Activity —
Using the records below, locate all lines containing "fill" and return them.

Data excerpts —
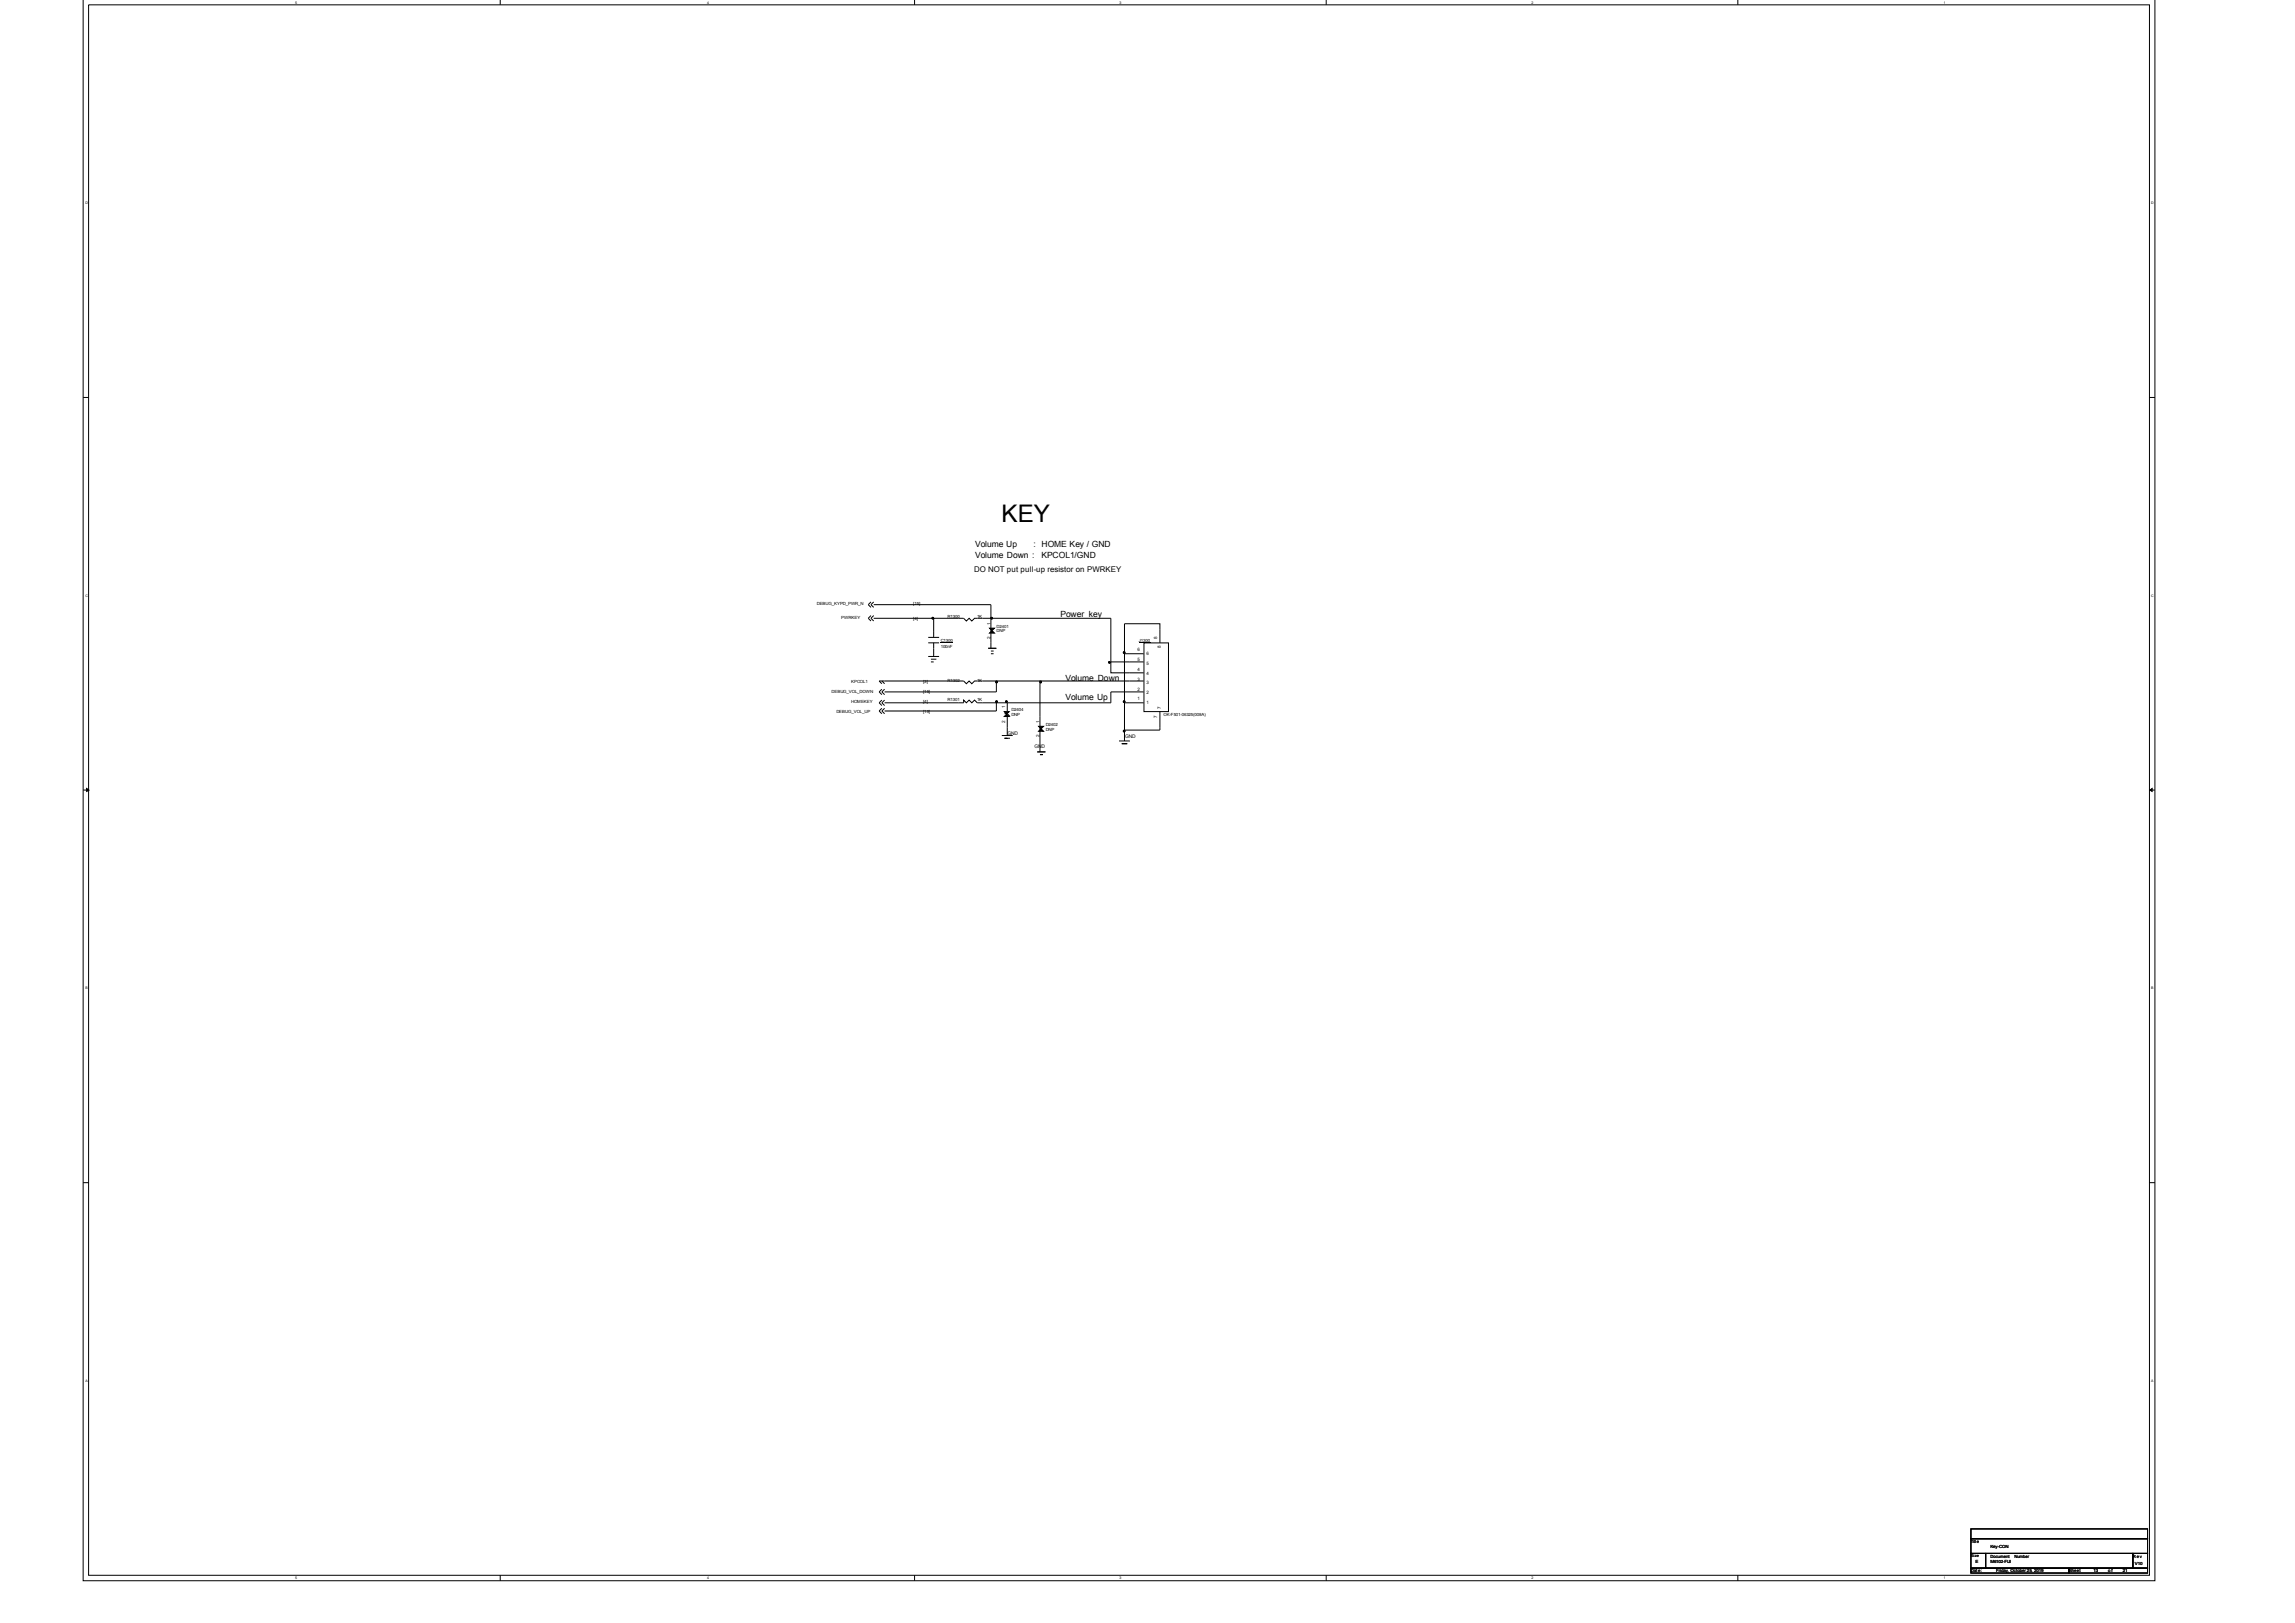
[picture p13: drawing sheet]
<svg xmlns="http://www.w3.org/2000/svg" width="297mm" height="210mm" viewBox="0 0 297 210" stroke-linecap="round" stroke-linejoin="round" font-family="sans-serif">
<defs><g id="words">
<text font-size="3.1" x="129.6" y="67.6">KEY</text>
<g font-size="1.1">
<text x="126.2" y="70.7">Volume Up</text>
<text x="133.7" y="70.7">: HOME Key / GND</text>
<text x="126.2" y="72.2">Volume Down :</text>
<text x="134.8" y="72.2">KPCOL1/GND</text>
<text x="137.2" y="79.8">Power key</text>
<text x="137.9" y="88.1">Volume Down</text>
<text x="137.9" y="90.6">Volume Up</text>
</g>
<text font-size="1" x="126.1" y="74">DO NOT put pull-up resistor on PWRKEY</text>
<g font-size=".6">
<text x="105.7" y="78.2">DEBUG_KYPD_PWR_N</text>
<text x="108.9" y="80.1">PWRKEY</text>
<text x="118.2" y="80.2">[4]</text>
<text x="118.2" y="78.3">[15]</text>
<text x="121.7" y="83.1">C1300</text>
<text x="121.7" y="83.9">100nF</text>
<text x="122.6" y="79.9">R1300</text>
<text x="126.4" y="79.9">1K</text>
<text x="128.2" y="82.7" transform="rotate(-90 128.2 82.7)">2</text>
<text x="128.2" y="80.8" transform="rotate(-90 128.2 80.8)">1</text>
<text x="129" y="81.2">D2401</text>
<text x="129" y="81.8">DNP</text>
<text x="147.4" y="83.1">J1300</text>
<text x="149.8" y="82.7" transform="rotate(-90 149.8 82.7)">8</text>
<text x="150.2" y="83.9" transform="rotate(-90 150.2 83.9)">8</text>
<text x="107.6" y="89.7">DEBUG_VOL_DOWN</text>
<text x="110.1" y="88.4">KPCOL1</text>
<text x="119.5" y="88.4">[3]</text>
<text x="119.5" y="89.7">[15]</text>
<text x="122.6" y="88.2">R1302</text>
<text x="126.4" y="88.2">1K</text>
<text x="147.2" y="89.4">2</text>
<text x="147.2" y="88.1">3</text>
<text x="147.2" y="86.8">4</text>
<text x="147.2" y="85.6">5</text>
<text x="147.2" y="84.3">6</text>
<text x="148.4" y="89.8">2</text>
<text x="148.4" y="88.6">3</text>
<text x="148.4" y="87.3">4</text>
<text x="148.4" y="86">5</text>
<text x="148.4" y="84.8">6</text>
<text x="108.2" y="92.2">DEBUG_VOL_UP</text>
<text x="110.1" y="90.9">HOMEKEY</text>
<text x="119.5" y="91">[4]</text>
<text x="119.5" y="92.2">[15]</text>
<text x="122.6" y="90.7">R1301</text>
<text x="126.4" y="90.7">1K</text>
<text x="130.1" y="93.5" transform="rotate(-90 130.1 93.5)">2</text>
<text x="130.1" y="91.6" transform="rotate(-90 130.1 91.6)">1</text>
<text x="130.4" y="95.1">GND</text>
<text x="130.9" y="92">D2404</text>
<text x="130.9" y="92.6">DNP</text>
<text x="134.5" y="95.4" transform="rotate(-90 134.5 95.4)">2</text>
<text x="134.5" y="93.5" transform="rotate(-90 134.5 93.5)">1</text>
<text x="135.3" y="94.5">DNP</text>
<text x="135.3" y="93.9">D2402</text>
<text x="145.6" y="95.5">GND</text>
<text x="147.2" y="90.6">1</text>
<text x="148.4" y="91.1">1</text>
<text x="149.8" y="92.9" transform="rotate(-90 149.8 92.9)">7</text>
<text x="150.2" y="91.7" transform="rotate(-90 150.2 91.7)">7</text>
<text x="150.6" y="92.6">OK-F501-06325(008A)</text>
<text x="133.9" y="96.7">GND</text>
<text x="255.1" y="199.6">Title</text>
<text x="255.1" y="203.5">Date:</text>
<text x="255.7" y="202.2">E</text>
<text x="257.6" y="202.2">M6102-FIJI</text>
<text x="257.6" y="200.3">Key-CON</text>
<text x="257.6" y="201.5">Document</text>
<text x="258.3" y="203.5">Friday, October 25, 2019</text>
<text x="260.7" y="201.5">Number</text>
<text x="267.8" y="203.5">Sheet</text>
<text x="270.9" y="203.5">13</text>
<text x="272.8" y="203.5">o f</text>
<text x="274.7" y="203.5">21</text>
<text x="276" y="201.5">R e v</text>
<text x="276.3" y="202.5">V10</text>
</g>
<g font-size=".5">
<text x="38.2" y=".5">5</text>
<text x="91.5" y=".5">4</text>
<text x="144.9" y=".5">3</text>
<text x="198.2" y=".5">2</text>
<text x="251.5" y=".5">1</text>
<text x="11" y="26.4">D</text>
<text x="278.4" y="26.4">D</text>
<text x="11" y="77.2">C</text>
<text x="278.4" y="77.2">C</text>
<text x="11" y="128">B</text>
<text x="278.4" y="128">B</text>
<text x="11" y="178.8">A</text>
<text x="278.4" y="178.8">A</text>
<text x="255.1" y="201.5">Size</text>
<text x="38.2" y="204.3">5</text>
<text x="91.5" y="204.3">4</text>
<text x="144.9" y="204.3">3</text>
<text x="198.2" y="204.3">2</text>
<text x="251.5" y="204.3">1</text>
</g>
</g></defs>
<g fill="none" stroke="#000" stroke-width=".13">
<path d="M10.8 -.1v204.6h268.1v-204.6M64.7 -.1v.7M118.4 -.1v.7M171.6 -.1v.7M224.9 -.1v.7M11.5 .6h266.7v203.2h-266.7zM10.8 51.4h.7M278.2 51.4h.7M112.7 79.6l-.3 .4 .3 .4M112.7 77.9l-.3 .3 .3 .4M113.1 79.6l-.4 .4 .4 .4M113.1 77.9l-.4 .3 .4 .4"/>
<path d="M113.1 78.2h15.1v1.8M113.1 80h7.7M114.1 88.1h10.6l.4 .4 .3-.4 .4 .4 .3-.4h2.8M114.1 88.5l-.3-.4h.3l.4 .4M114.1 90.6l-.3 .3 .3 .4M114.1 91.6l-.3 .4 .3 .3M114.1 89.2l-.3 .3 .3 .4M114.5 90.9h10.2v-.3l.4 .3 .3-.3 .4 .3 .3-.3 .4 .3h2.4M114.5 90.6l-.4 .3 .4 .4M114.5 91.6l-.4 .4 .4 .3M114.5 89.2l-.4 .3 .4 .4M120.1 84.9h1.4"/>
<path d="M120.1 83.2h1.4M120.1 82.5h1.4M120.5 85.6h.3M120.5 85.3h.7M120.8 83.2v1.7M127.9 83.9h1M128.2 84.6h.4M128.2 80h-2.1l-.3 .4-.4-.4-.3 .4-.4-.4h-3.9v2.5M128.2 80h15.6v5.6M128.2 81.8v2.1M128.2 84.2h.4M128.2 81.4v.4"/>
<path d="M128.2 81.8h.4M128.2 81.4h.1M128.2 81.8h.1M128.2 80v1.4M128.9 90.9v1.1h-14.4M128.9 90.9h1.5M129.6 95.2h1.5M130 92.3h.4l.3 .4M130.4 92.7v2.5M130.4 95.5h-.4h.7M130.4 95.9h.1M130.4 92h.1"/>
<path d="M130.4 92.7h.1M130.4 90.9v1.1M134.2 97.3h1.1M134.6 88.1h-5.7v1.4h-14.4M134.6 94.5v2.8M134.6 97.6h.3zM134.6 94.1v.4M134.6 94.5h.3M134.6 94.1h.1M134.6 94.5h.1M143.8 85.6h4.2M143.8 85.6v1.5h4.2"/>
<path d="M144.8 95.9h1.4M145.2 96.2h.7zM145.5 90.9v3.6M145.5 84.6h2.5M145.5 84.6v6.3M145.5 90.9h2.5M145.5 94.5v1.4M145.5 96.6h.1M148 89.5h-4.2v1.4h-13.4M148 88.1h-13.4v6M148 89.5h.1M148 83.2h3.2v8.9h-3.2z"/>
<path d="M150.1 83.2v-2.5h-4.6v3.9M150.1 92v2.5h-4.6M151.2 88.1h.1M151.2 89.5h.1M151.2 90.9h.1M10.8 102.2h.7M278.2 102.2h.7M10.8 153h.7M278.2 153h.7M255.1 197.8h22.8v1.3h-22.8zM255.1 199.1h22.8v1.9h-22.8zM64.7 203.8v.7"/>
<path d="M118.4 203.8v.7M171.6 203.8v.7M224.9 203.8v.7M255.1 202.9h12.7v.6h-12.7zM255.1 201h1.9v1.9h-1.9zM257 201h19v1.9h-19zM267.8 202.9h10.1v.6h-10.1zM276 201h1.9v1.9h-1.9z"/>
</g>
<g fill="#000" stroke="#000" stroke-width=".13">
<path d="M128.1 81.3h.6l-.3 .3zM128.1 81.9l.3-.3 .3 .3zM130 92.1h.6l-.3 .3zM130 92.7l.3-.3 .3 .3zM134.4 94h.6l-.3 .3zM134.4 94.6l.3-.3 .3 .3zM11.2 102l.3 .2-.3 .2zM278.2 102.2l.3-.2v.4z"/>
<circle cx="120.7" cy="80" r=".11"/>
<circle cx="128.3" cy="80" r=".11"/>
<circle cx="129" cy="88.2" r=".11"/>
<circle cx="129" cy="90.8" r=".11"/>
<circle cx="130.2" cy="90.8" r=".11"/>
<circle cx="134.7" cy="88.2" r=".11"/>
<circle cx="143.6" cy="85.7" r=".11"/>
<circle cx="145.5" cy="90.8" r=".11"/>
<circle cx="145.5" cy="84.4" r=".11"/>
<circle cx="145.5" cy="94.6" r=".11"/>
</g>
<path d="M121.8 83.1l1.5 .1zM147.4 83.1l1.4 .1z" fill="#000"/>
<use href="#words"/>
</svg>

Solution for this exercise —
<g fill="none" stroke="#000" stroke-width=".13">
<g fill="#000" stroke="#000" stroke-width=".13">
<path d="M121.8 83.1l1.5 .1zM147.4 83.1l1.4 .1z" fill="#000"/>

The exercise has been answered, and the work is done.